- **Instructions to follow**:
Only the lines containing "details" should appear in the answer, copied from the listing below.

■ ■ ■ ■

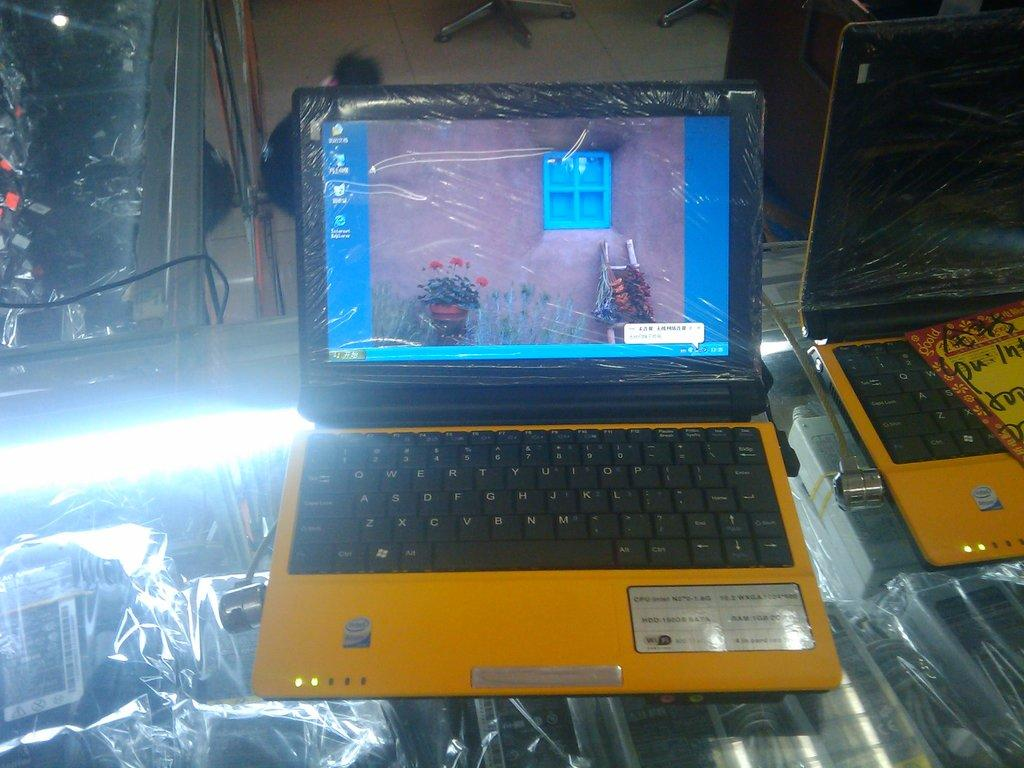<image>
Provide a brief description of the given image. the name Intel is on the yellow laptop 
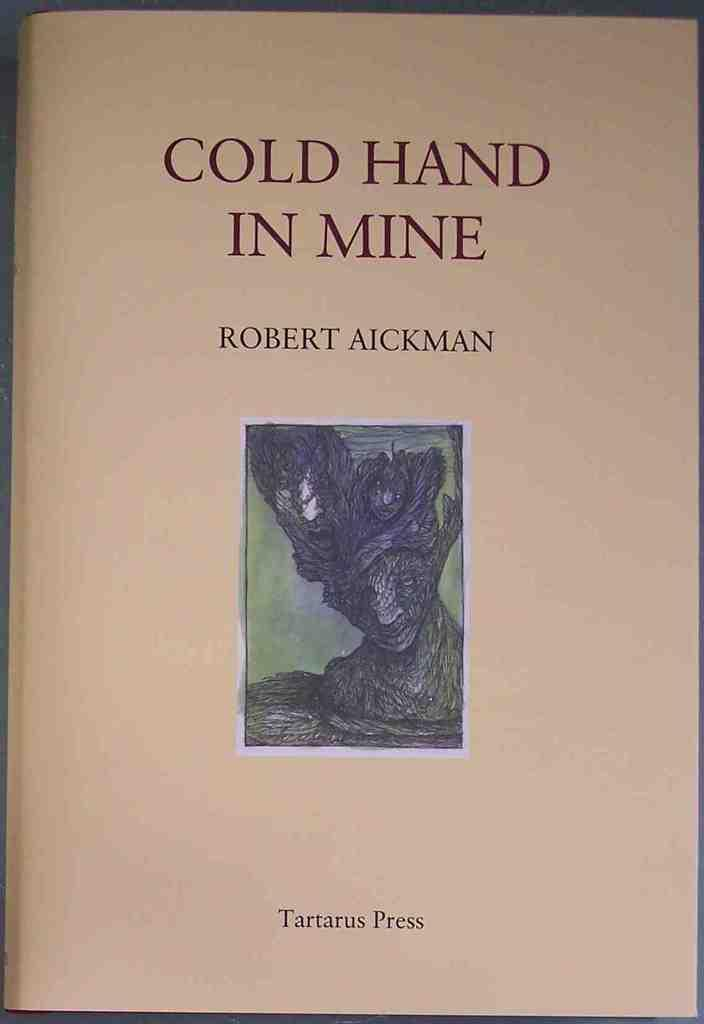Provide a one-sentence caption for the provided image. A book with a dark illustration written by Robert Aickman. 
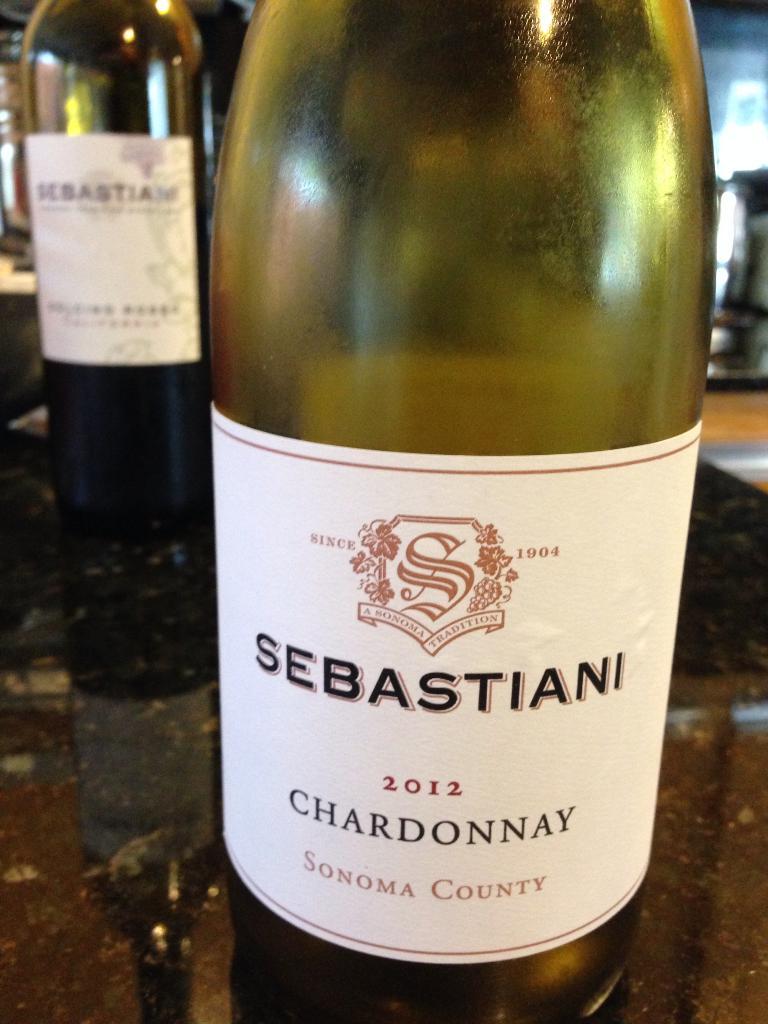Is this white or red wine?
Give a very brief answer. Answering does not require reading text in the image. When was this wine made?
Provide a short and direct response. 2012. 
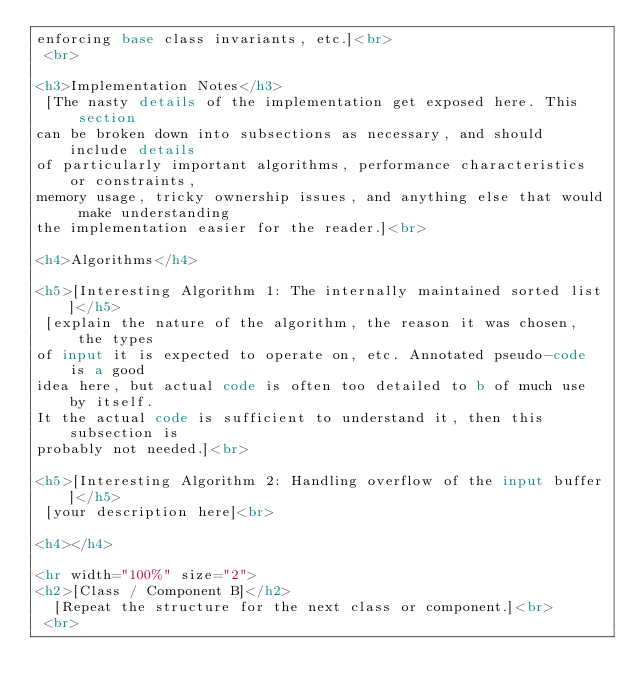Convert code to text. <code><loc_0><loc_0><loc_500><loc_500><_HTML_>enforcing base class invariants, etc.]<br>
 <br>
 
<h3>Implementation Notes</h3>
 [The nasty details of the implementation get exposed here. This section
can be broken down into subsections as necessary, and should include details 
of particularly important algorithms, performance characteristics or constraints, 
memory usage, tricky ownership issues, and anything else that would make understanding
the implementation easier for the reader.]<br>
 
<h4>Algorithms</h4>
 
<h5>[Interesting Algorithm 1: The internally maintained sorted list]</h5>
 [explain the nature of the algorithm, the reason it was chosen, the types 
of input it is expected to operate on, etc. Annotated pseudo-code is a good 
idea here, but actual code is often too detailed to b of much use by itself. 
It the actual code is sufficient to understand it, then this subsection is 
probably not needed.]<br>
 
<h5>[Interesting Algorithm 2: Handling overflow of the input buffer]</h5>
 [your description here]<br>
 
<h4></h4>
 
<hr width="100%" size="2"> 
<h2>[Class / Component B]</h2>
  [Repeat the structure for the next class or component.]<br>
 <br>
 </code> 
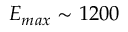Convert formula to latex. <formula><loc_0><loc_0><loc_500><loc_500>E _ { \max } \sim 1 2 0 0</formula> 
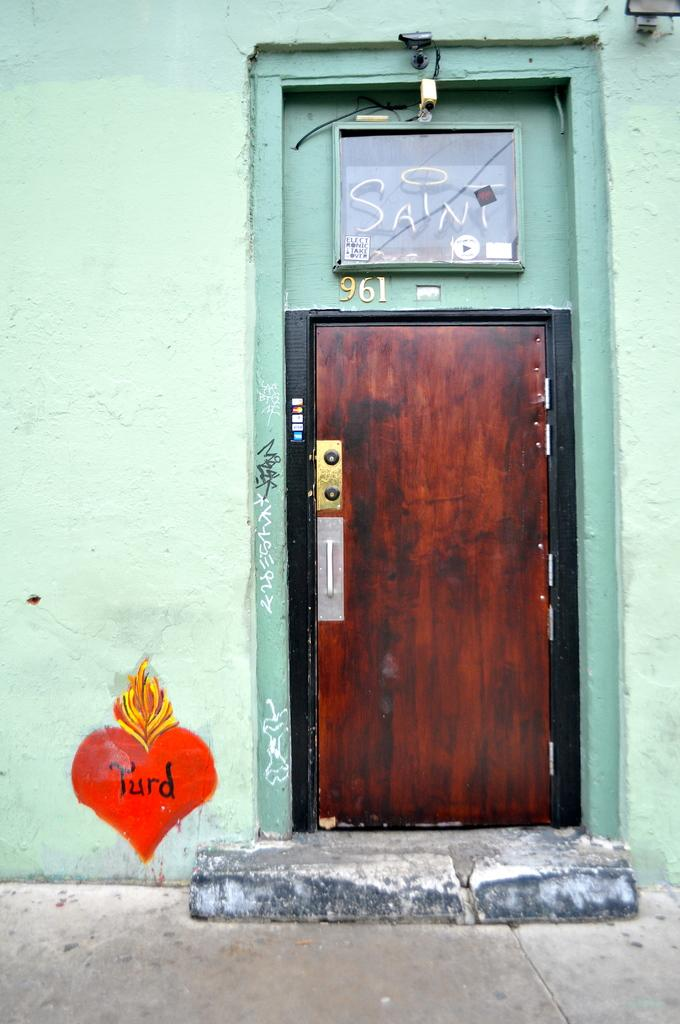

■ ■ ■ ■

- **Response below**:
 [The nasty details of the implementation get exposed here. This section
can be broken down into subsections as necessary, and should include details 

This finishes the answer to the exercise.